Audio (Real-time API)

# Real-time audio requires WebSocket
import websockets
import asyncio

async def realtime_conversation():
    async with websockets.connect(
        "wss://api.openai.com/v1/realtime",
        extra_headers={"Authorization": f"Bearer {api_key}"}
    ) as ws:
        # Send audio chunks
        await ws.send(audio_chunk)
        
        # Receive audio response
        response = await ws.recv()

Practical Applications

Voice Assistants

# Natural conversation with interruption handling
async def voice_assistant():
    while True:
        # GPT-4o handles:
        # - User interruptions
        # - Emotion detection
        # - Natural pauses
        # - Tone matching
        pass

Real-time Translation

User speaks English → GPT-4o → Responds in Spanish (audio)

No intermediate text step, preserves tone and nuance.
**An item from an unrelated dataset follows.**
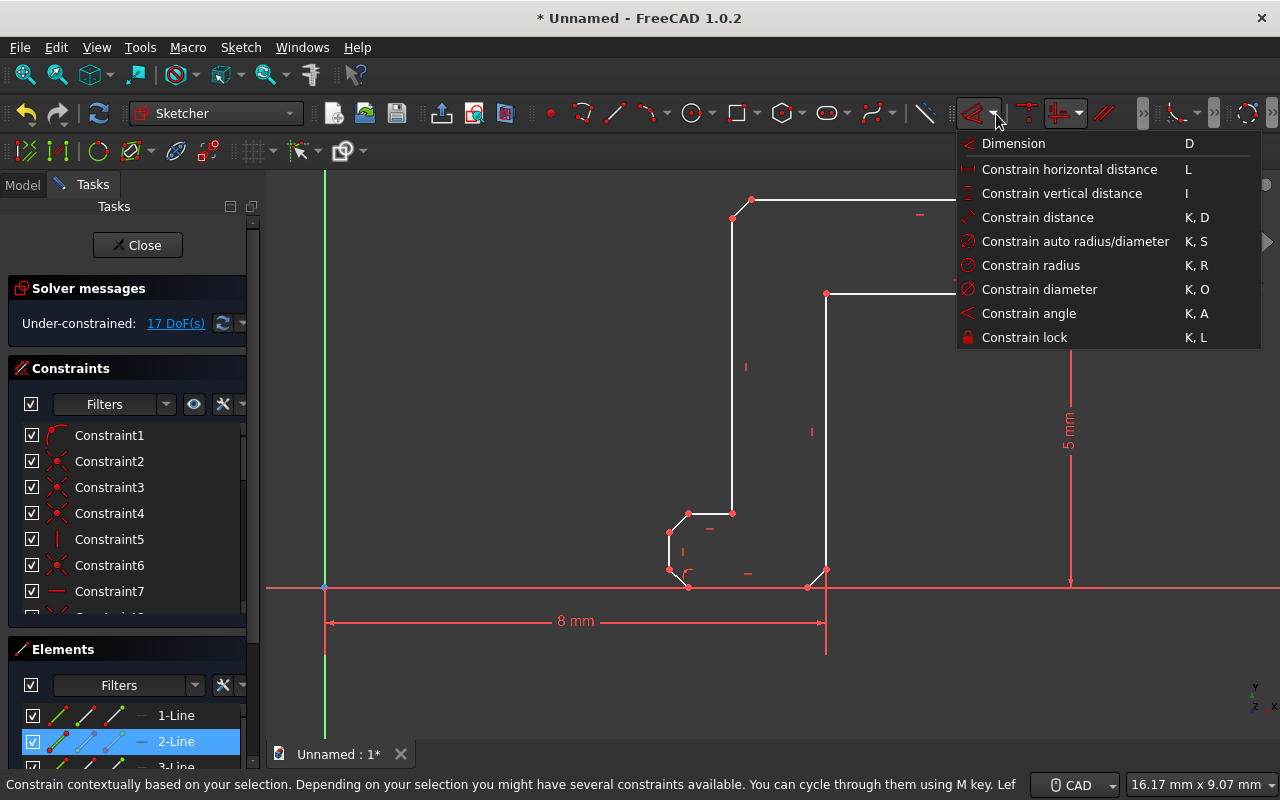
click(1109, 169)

# Analyze screen content in real-time
def analyze_screen(screenshot):
    return client.chat.completions.create(
        model="gpt-4o",
        messages=[
            {"role": "system", "content": "Help user with what's on screen"},
            {
                "role": "user",
                "content": [
                    {"type": "image_url", "image_url": {"url": screenshot}},
                    {"type": "text", "text": "What should I click next?"}
                ]
            }
        ]
    )

Video Analysis

# Extract frames and analyze
def analyze_video(video_path, frame_interval=30):
    frames = extract_frames(video_path, every_n=frame_interval)
    
    messages = [
        {"role": "system", "content": "Analyze this video sequence"},
        {
            "role": "user",
            "content": [
                {"type": "text", "text": "What happens in this video?"},
                *[{"type": "image_url", "image_url": {"url": f}} for f in frames]
            ]
        }
    ]
    
    return client.chat.completions.create(model="gpt-4o", messages=messages)

Pricing

Model	Input (text)	Output (text)	Input (audio)	Output (audio)
GPT-4o	$5/1M	$15/1M	$100/1M	$200/1M
GPT-4o-mini	$0.15/1M	$0.60/1M	-	-

Audio is more expensive but replaces Whisper + TTS pipeline.

GPT-4o Mini

The efficient variant:

Aspect	GPT-4o	GPT-4o Mini
Quality	Best	Good
Speed	Fast	Faster
Cost	$5/1M	$0.15/1M
Use case	Complex tasks	High volume

30x cheaper, suitable for many production workloads.

What Users Experience

Voice Mode

Interrupt mid-sentence
Laugh, sigh—model responds appropriately
Natural pacing and pauses
Emotion-aware responses

Vision Mode

Describe photos
Read and understand documents
Analyze charts and graphs
UI/UX feedback on screenshots

Building with GPT-4o

Best Practices

# 1. Use structured outputs
response = client.chat.completions.create(
    model="gpt-4o",
    response_format={"type": "json_object"},
    messages=[...]
)

# 2. Batch image analysis
def batch_analyze(images):
    # Include multiple images in one call
    # More efficient than separate calls
    pass

# 3. Stream for responsiveness
for chunk in client.chat.completions.create(
    model="gpt-4o",
    messages=[...],
    stream=True
):
    print(chunk.choices[0].delta.content, end="")

Real-time Apps

// Browser: MediaRecorder + WebSocket
const stream = await navigator.mediaDevices.getUserMedia({audio: true});
const recorder = new MediaRecorder(stream);

recorder.ondataavailable = async (e) => {
    ws.send(e.data);  // Send to GPT-4o
};

ws.onmessage = (e) => {
    playAudio(e.data);  // Play response
};

Implications

For Developers

Voice interfaces become viable
Real-time multimodal apps possible
Simpler architecture (one model)

For Products

Conversational AI that feels natural
Accessibility improvements
New interaction paradigms

For Users

Talk to AI like a person
Share what you see, get help
Faster, more natural responses

Limitations

Audio output not available in all regions
No real-time video (frame-by-frame works)
Rate limits on audio endpoints
Higher latency for audio than text

Final Thoughts

GPT-4o’s “omni” nature isn’t just a feature—it’s a paradigm shift. Multimodal AI that feels native opens new categories of applications.

The 320ms response time for voice makes AI assistants actually usable for conversation.

AI that sees, hears, and responds like a person.